RANDALL NORTHAM traded in his sports writer’s sheepskin for a pair of critics’ theatre glasses to see a leading actress’s tribute drama to one of this country’s finest sportswomen

My adopted county of Yorkshire is awash with yellow ahead of today’s Grand Depart of the Tour de France.

There are yellow bikes everywhere and the statue of the Black Prince in Leeds’s City Square is wearing a yellow jersey, as are the nymphs which surround him, which caused the city council some consternation as they didn’t realise they were… well, quite so well endowed.

The life - and love - story of Beryl Burton inspired Maxine Peake to adapt it for radio and the stage
The life – and love – story of Beryl Burton inspired Maxine Peake to adapt it for radio and the stage

One of the farmers in the Dales has painted some of his sheep yellow, some with red polka dots and some green. Bicycle fever is everywhere.

And part of that is a production at the West Yorkshire Playhouse in Leeds of Maxine Peake’s Beryl, which celebrates the life of Yorkshire’s, and arguably Britain’s, greatest sportswoman, Morley-born cyclist Beryl Burton.

I’m not fond of sport being translated into film, theatre or literature. I know Camus was a goalkeeper but he didn’t write about football and for all the good, such as This Sporting Life, there’s 10 terrible adaptations, like Escape to Victory – which was very funny but wasn’t supposed to be – and The Games, in which Michael Crawford and Charles Aznavour stretched the audience’s credulity beyond breaking point by playing the roles of marathon runners who appeared to be somewhat like, respectively, Jim Peters and Emile Zatopek.

So I was wondering whether I would sit in the WYP’s Courtyard Theatre and cringe. I didn’t, even though it sometimes became very simplistic as the four actors explained patiently some cycling terms.

And, not being a theatre critic, I decided to approach the play as a sportswriter. By the end I was immensely impressed by Penny Layden, the actress who played the pasrt of the adult Beryl. She’s slim, so she’s the right shape to play an international cyclist, but she’s in her forties and she has to a great deal of fast-paced pedalling on a stationery bike. She must be knackered by the end of the performance.

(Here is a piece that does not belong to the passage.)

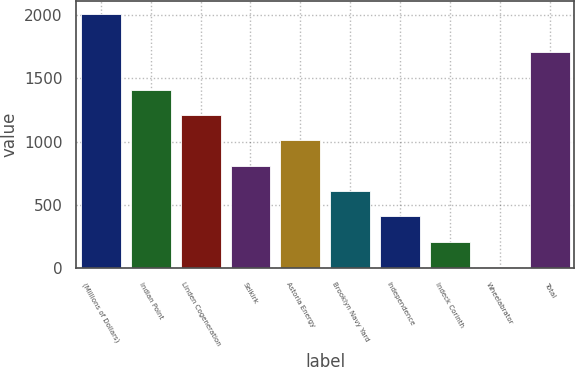Convert chart to OTSL. <chart><loc_0><loc_0><loc_500><loc_500><bar_chart><fcel>(Millions of Dollars)<fcel>Indian Point<fcel>Linden Cogeneration<fcel>Selkirk<fcel>Astoria Energy<fcel>Brooklyn Navy Yard<fcel>Independence<fcel>Indeck Corinth<fcel>Wheelabrator<fcel>Total<nl><fcel>2009<fcel>1409.3<fcel>1209.4<fcel>809.6<fcel>1009.5<fcel>609.7<fcel>409.8<fcel>209.9<fcel>10<fcel>1706<nl></chart> 
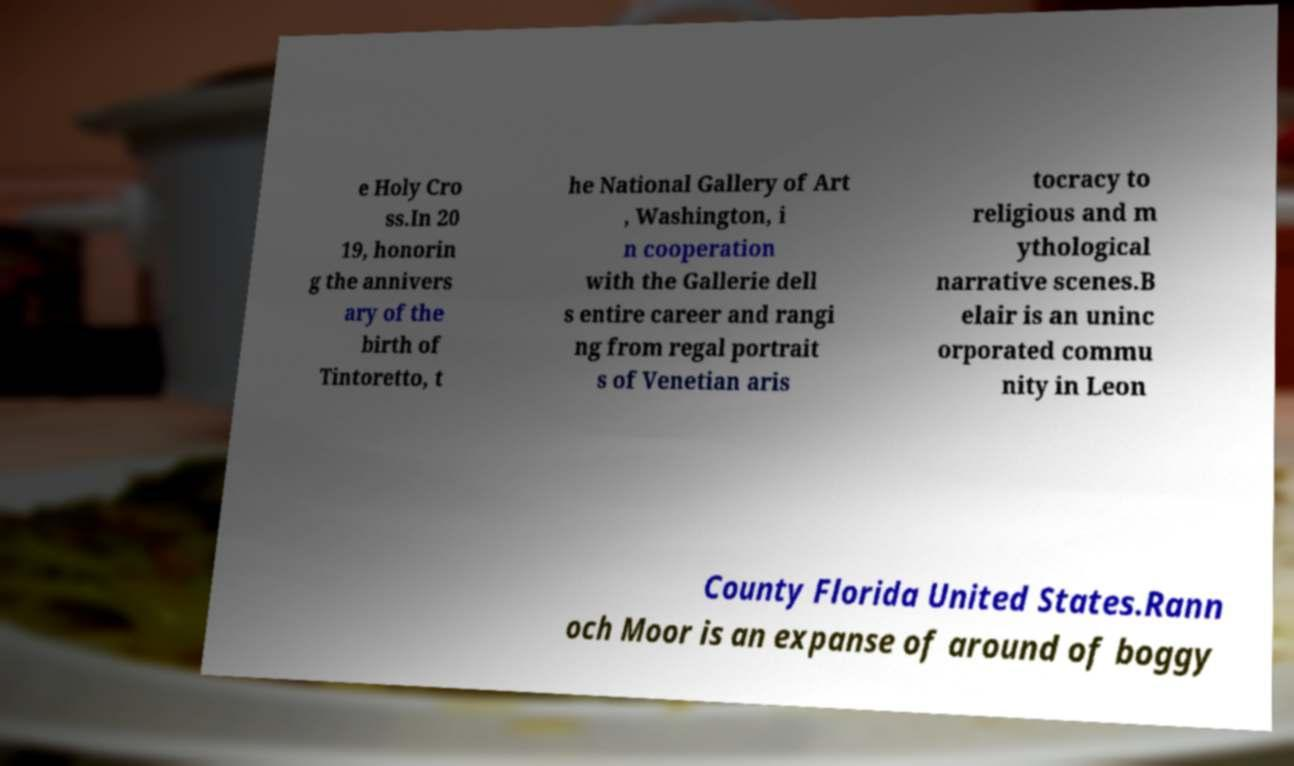There's text embedded in this image that I need extracted. Can you transcribe it verbatim? e Holy Cro ss.In 20 19, honorin g the annivers ary of the birth of Tintoretto, t he National Gallery of Art , Washington, i n cooperation with the Gallerie dell s entire career and rangi ng from regal portrait s of Venetian aris tocracy to religious and m ythological narrative scenes.B elair is an uninc orporated commu nity in Leon County Florida United States.Rann och Moor is an expanse of around of boggy

Burton’s life is well known to most people with an interest in sport. She suffered from rheumatic fever as a child which gave her an irregular heartbeat and she was told to avoid strenuous exercise. When she was pregnant with daughter Denise (played by Chelsea Halfpenny, now there’s a sporting name if ever there was one), she was told that if she had to cycle, then she should walk up hills.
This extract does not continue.